• **Task requirements**:
Copy, from the entries below, each line in which the string "degrees" appears.

• **Source records**:
* * * *

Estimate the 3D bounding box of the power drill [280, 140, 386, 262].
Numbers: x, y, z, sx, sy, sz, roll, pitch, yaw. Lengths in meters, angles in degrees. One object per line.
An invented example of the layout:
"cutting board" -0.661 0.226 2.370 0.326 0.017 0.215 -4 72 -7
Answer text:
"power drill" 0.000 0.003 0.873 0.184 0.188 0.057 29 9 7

* * * *

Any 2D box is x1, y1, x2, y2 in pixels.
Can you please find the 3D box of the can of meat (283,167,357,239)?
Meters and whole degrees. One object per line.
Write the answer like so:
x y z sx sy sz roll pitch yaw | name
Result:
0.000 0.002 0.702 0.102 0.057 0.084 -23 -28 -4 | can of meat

* * * *

• **Answer space**:
Numbers: x, y, z, sx, sy, sz, roll, pitch, yaw. Lengths in meters, angles in degrees. One object per line.
Meters and whole degrees. One object per line.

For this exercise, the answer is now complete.